Wisst ihr ob AWT an den Unis bzw. FHs überhaupt noch behandelt wird?


thanx4help


----------



## Sky (10. Nov 2004)

Also, ich weiß zwar nicht, was an einer UNI oder FH behandelt wird. Aber: Ich habe mit Swing angefangen und kann daher nur sagen: Wenn Du dass einigermaßen verstanden hast, so ist AWT auch gar kein Problem. 
Es gibt zwar Unterschiede, aber damit kommt man m.E. klar.

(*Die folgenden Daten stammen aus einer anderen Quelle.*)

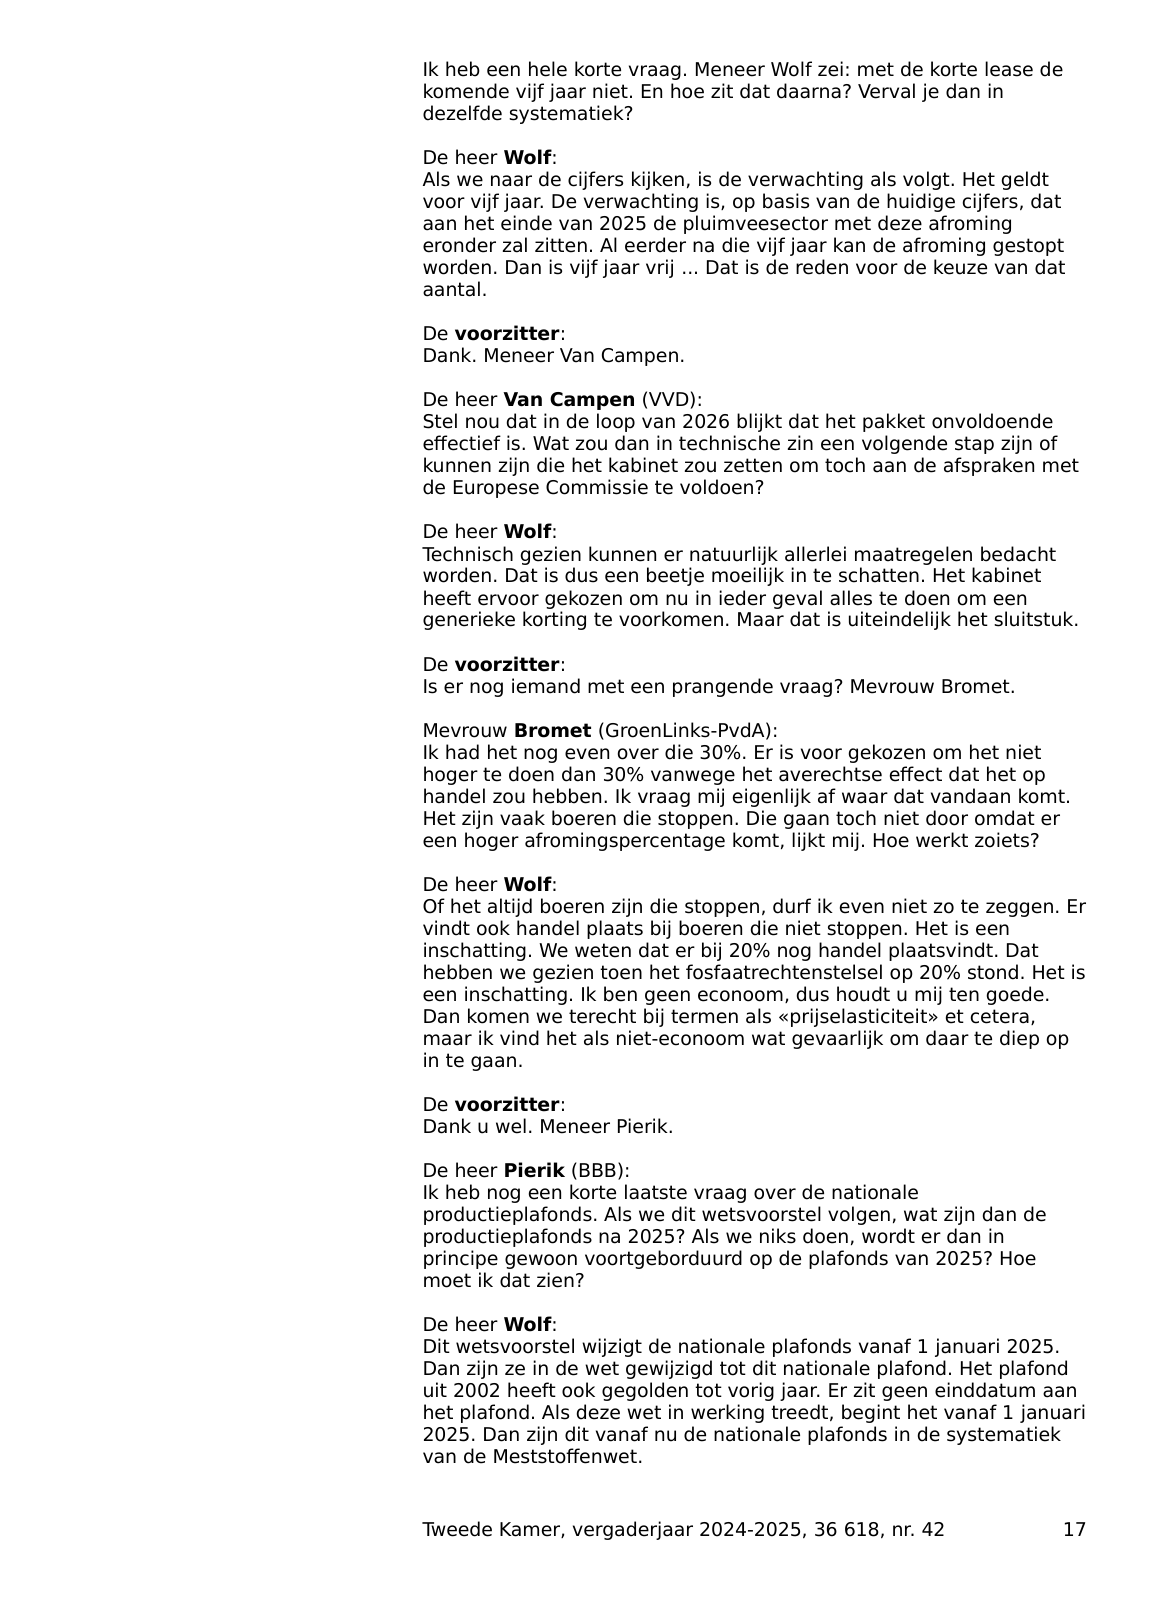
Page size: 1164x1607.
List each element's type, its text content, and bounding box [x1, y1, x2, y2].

text Ik had het nog even over die 30%. Er is voor gekozen om het niet hoger te doen dan 30% vanwege het averechtse effect dat het op handel zou hebben. Ik vraag mij eigenlijk af waar dat vandaan komt. Het zijn vaak boeren die stoppen. Die gaan toch niet door omdat er een hoger afromingspercentage komt, lijkt mij. Hoe werkt zoiets? [422, 742, 1087, 852]
text Als we naar de cijfers kijken, is de verwachting als volgt. Het geldt voor vijf jaar. De verwachting is, op basis van de huidige cijfers, dat aan het einde van 2025 de pluimveesector met deze afroming eronder zal zitten. Al eerder na die vijf jaar kan de afroming gestopt worden. Dan is vijf jaar vrij ... Dat is de reden voor de keuze van dat aantal. [422, 169, 1087, 301]
text Of het altijd boeren zijn die stoppen, durf ik even niet zo te zeggen. Er vindt ook handel plaats bij boeren die niet stoppen. Het is een inschatting. We weten dat er bij 20% nog handel plaatsvindt. Dat hebben we gezien toen het fosfaatrechtenstelsel op 20% stond. Het is een inschatting. Ik ben geen econoom, dus houdt u mij ten goede. Dan komen we terecht bij termen als «prijselasticiteit» et cetera, maar ik vind het als niet-econoom wat gevaarlijk om daar te diep op in te gaan. [422, 896, 1087, 1072]
text De heer Wolf: [422, 1314, 1087, 1336]
text De heer Wolf: [422, 874, 1087, 896]
text De heer Wolf: [422, 521, 1087, 543]
text Dit wetsvoorstel wijzigt de nationale plafonds vanaf 1 januari 2025. Dan zijn ze in de wet gewijzigd tot dit nationale plafond. Het plafond uit 2002 heeft ook gegolden tot vorig jaar. Er zit geen einddatum aan het plafond. Als deze wet in werking treedt, begint het vanaf 1 januari 2025. Dan zijn dit vanaf nu de nationale plafonds in de systematiek van de Meststoffenwet. [422, 1336, 1087, 1468]
text Mevrouw Bromet (GroenLinks-PvdA): [422, 720, 1087, 742]
text De voorzitter: [422, 653, 1087, 676]
text Ik heb een hele korte vraag. Meneer Wolf zei: met de korte lease de komende vijf jaar niet. En hoe zit dat daarna? Verval je dan in dezelfde systematiek? [422, 59, 1087, 125]
text Technisch gezien kunnen er natuurlijk allerlei maatregelen bedacht worden. Dat is dus een beetje moeilijk in te schatten. Het kabinet heeft ervoor gekozen om nu in ieder geval alles te doen om een generieke korting te voorkomen. Maar dat is uiteindelijk het sluitstuk. [422, 543, 1087, 631]
text Dank. Meneer Van Campen. [422, 345, 1087, 367]
text De voorzitter: [422, 323, 1087, 345]
text Dank u wel. Meneer Pierik. [422, 1116, 1087, 1138]
text Is er nog iemand met een prangende vraag? Mevrouw Bromet. [422, 676, 1087, 697]
text Ik heb nog een korte laatste vraag over de nationale productieplafonds. Als we dit wetsvoorstel volgen, wat zijn dan de productieplafonds na 2025? Als we niks doen, wordt er dan in principe gewoon voortgeborduurd op de plafonds van 2025? Hoe moet ik dat zien? [422, 1182, 1087, 1292]
text De heer Pierik (BBB): [422, 1160, 1087, 1182]
text Stel nou dat in de loop van 2026 blijkt dat het pakket onvoldoende effectief is. Wat zou dan in technische zin een volgende stap zijn of kunnen zijn die het kabinet zou zetten om toch aan de afspraken met de Europese Commissie te voldoen? [422, 411, 1087, 499]
text De voorzitter: [422, 1094, 1087, 1116]
text De heer Van Campen (VVD): [422, 389, 1087, 411]
text De heer Wolf: [422, 147, 1087, 169]

Prinzipiell benutzt Du nur andere Klassen...


----------



## Student (10. Nov 2004)

sky80 hat gesagt.:
			
		

> Prinzipiell benutzt Du nur andere Klassen...


joa. würde ich auch behaupten.

ich habe noch gar nicht mit AWT gearbeitet .. nur mit Swing. 
eventuell mal unbewusst, als ich eine klasse eines anderen verwendet habe? kA ^^


----------



## bygones (10. Nov 2004)

ich empfehle auch Swing - einfach weil ich es besser und mächtiger find....


----------



## Sky (10. Nov 2004)

Wichtig bei der Entscheidung, ob man Swing oder AWT lernt sind -speziell im Berufsleben- die Anforderungen. Wenn Du z. B. ein _kleines_ Applet bauen sollst, was bei allen Anwendern laufen soll, so ist AWT oft eine Alternative. 

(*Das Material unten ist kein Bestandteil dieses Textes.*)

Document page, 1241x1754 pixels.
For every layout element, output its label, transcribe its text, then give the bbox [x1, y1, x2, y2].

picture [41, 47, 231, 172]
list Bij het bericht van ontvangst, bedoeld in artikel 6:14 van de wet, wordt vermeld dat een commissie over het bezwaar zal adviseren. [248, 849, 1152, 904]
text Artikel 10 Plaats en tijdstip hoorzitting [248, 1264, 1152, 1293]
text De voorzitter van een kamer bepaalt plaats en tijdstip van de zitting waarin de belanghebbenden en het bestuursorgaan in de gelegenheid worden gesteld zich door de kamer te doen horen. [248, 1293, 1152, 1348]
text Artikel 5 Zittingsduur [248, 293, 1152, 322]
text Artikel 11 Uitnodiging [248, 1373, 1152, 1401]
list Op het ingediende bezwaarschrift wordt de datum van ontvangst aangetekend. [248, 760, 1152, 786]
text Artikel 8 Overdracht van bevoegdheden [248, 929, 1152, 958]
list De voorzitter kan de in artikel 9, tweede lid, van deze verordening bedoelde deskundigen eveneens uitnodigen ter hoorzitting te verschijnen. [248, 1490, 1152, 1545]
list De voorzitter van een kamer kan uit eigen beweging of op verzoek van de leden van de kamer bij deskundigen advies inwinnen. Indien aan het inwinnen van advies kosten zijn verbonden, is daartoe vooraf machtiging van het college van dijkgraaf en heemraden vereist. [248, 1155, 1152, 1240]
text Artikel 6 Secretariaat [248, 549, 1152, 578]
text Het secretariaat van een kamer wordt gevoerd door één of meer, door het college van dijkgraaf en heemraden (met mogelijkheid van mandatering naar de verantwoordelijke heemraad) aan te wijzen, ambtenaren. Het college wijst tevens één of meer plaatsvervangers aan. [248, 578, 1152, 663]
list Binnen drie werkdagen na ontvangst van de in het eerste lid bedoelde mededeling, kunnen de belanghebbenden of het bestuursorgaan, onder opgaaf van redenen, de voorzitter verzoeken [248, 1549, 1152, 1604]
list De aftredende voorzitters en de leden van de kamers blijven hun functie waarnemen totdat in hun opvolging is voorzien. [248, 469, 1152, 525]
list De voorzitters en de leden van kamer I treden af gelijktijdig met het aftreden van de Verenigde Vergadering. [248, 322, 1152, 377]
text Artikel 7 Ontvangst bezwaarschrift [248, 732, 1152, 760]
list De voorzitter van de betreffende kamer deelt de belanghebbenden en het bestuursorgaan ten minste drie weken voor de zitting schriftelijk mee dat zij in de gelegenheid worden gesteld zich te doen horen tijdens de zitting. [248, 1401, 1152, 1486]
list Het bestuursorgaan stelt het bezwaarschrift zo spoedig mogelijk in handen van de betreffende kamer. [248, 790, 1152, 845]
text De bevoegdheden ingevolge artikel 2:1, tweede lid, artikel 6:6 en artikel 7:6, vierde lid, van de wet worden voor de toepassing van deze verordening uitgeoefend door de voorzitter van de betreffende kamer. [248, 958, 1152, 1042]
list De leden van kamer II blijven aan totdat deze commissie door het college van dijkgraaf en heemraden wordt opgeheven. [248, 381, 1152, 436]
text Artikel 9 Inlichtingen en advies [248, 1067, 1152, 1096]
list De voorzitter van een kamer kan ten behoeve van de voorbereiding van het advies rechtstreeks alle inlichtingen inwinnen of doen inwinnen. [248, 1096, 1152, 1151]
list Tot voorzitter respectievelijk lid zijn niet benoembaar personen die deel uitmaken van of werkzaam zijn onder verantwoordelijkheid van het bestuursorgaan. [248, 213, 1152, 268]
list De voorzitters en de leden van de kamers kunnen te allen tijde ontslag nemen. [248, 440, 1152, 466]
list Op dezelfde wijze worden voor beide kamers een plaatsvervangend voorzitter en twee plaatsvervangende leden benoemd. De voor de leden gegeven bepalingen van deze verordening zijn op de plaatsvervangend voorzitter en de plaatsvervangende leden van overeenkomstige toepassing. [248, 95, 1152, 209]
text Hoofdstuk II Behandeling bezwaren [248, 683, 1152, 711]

Soll es dagegen etwas _größeres_ sein und Du kannst dem Anwender sogar ein JRE 'aufzwingen' ist Swing wahrscheinlich die bessere Alternative.


----------



## dotlens (10. Nov 2004)

für applets ist awt oft bessert, da fast alle User awt anzeigen können. da swing erst ab 1.2 (richtig?) da ist und die Users oft eine älter JRE haben, können Sie swing nicht anzeigen...

für Aplikationen würd ich dir nur swing empfehlen.


----------



## BigmasterDenis (10. Nov 2004)

Danke! Danke!



> ...und Du kannst dem Anwender sogar ein JRE 'aufzwingen'...



Laufen Swing-Applets denn nicht mit der JVM?


----------



## Sky (10. Nov 2004)

BigmasterDenis hat gesagt.:
			
		

> Danke! Danke!
> 
> 
> 
> ...



Swing gibt es erst ab JAVA 1.2.2

Wenn der USER ein Vorgängerversion hat, so in seiner JRE (also die Laufzeitumgebung; dazu gehört auch die VM) ein Swing-Applet nicht angezeigt.


----------



## dotlens (10. Nov 2004)

BigmasterDenis hat gesagt.:
			
		

> Laufen Swing-Applets denn nicht mit der JVM?


JVM ist ein teil der JRE


----------



## BigmasterDenis (10. Nov 2004)

...das die JVM Bestandteil von JRE ist weiß ich ja. Doch ist JRE nicht zwingend nötig um JVM zu installieren... 
Mit anderen Worten die JVM lässt sich auch seperat runterladen. Ich denk mal die meisten "normal-user" werden nichts weiter als die JVM auf ihren Rechnern haben.


----------



## Beliar (10. Nov 2004)

Du verwechseltst da was. Vielleicht meinst du das SDK (oder JDK) und nicht JRE.
JRE = Java Runtime Environment. Die laufzeitumgeben, also da ist die VM drin und noch ein paar tools.
Aber die vm alleine kann man nicht runter laden, die ist ja da dabei.


----------



## BigmasterDenis (10. Nov 2004)

Doch hier: http://java.sun.com/
JVM allein ca. 5 mb. JRE ca 15 mb


----------



## Bleiglanz (10. Nov 2004)

faustregel

awt -> nur noch bei applets, wenn man (superverkrampft) alle uralten jvm ab 1.1. unterstützen will

sonst (insbesondere für Desktop Apps) nur swing


----------



## Student (10. Nov 2004)

darf ich kurz mal in diese diskussion den begriff SWT einbringen?
ähem .. wie sieht es denn damit so aus?

also ich habe mich damit nur kurz befasst ... demnach danke für infos ;-)


----------



## Bleiglanz (10. Nov 2004)

SWT ist IMHO die überlegenere Lösung, wenn man natives Look and Feel will und bereit ist, seinen Anwendungen immer ein paar native Bibliotheken (dll oder so) beizulegen

im Prinzip die turbo-Version von AWT (also nur ein "dünner" Wrapper über das Betriebssystem) und nicht so mächtig wie Swing - dafür schön schnell (Swing ist aber heutzutage auch schnell genug)


----------



## Student (10. Nov 2004)

hört sich für mich jetzt so an, als ob man für die verwendung von SWT zusätzliche resourcen laden müsste.
à la flahsplayer downloaden sonst läuft die flashseite nicht ..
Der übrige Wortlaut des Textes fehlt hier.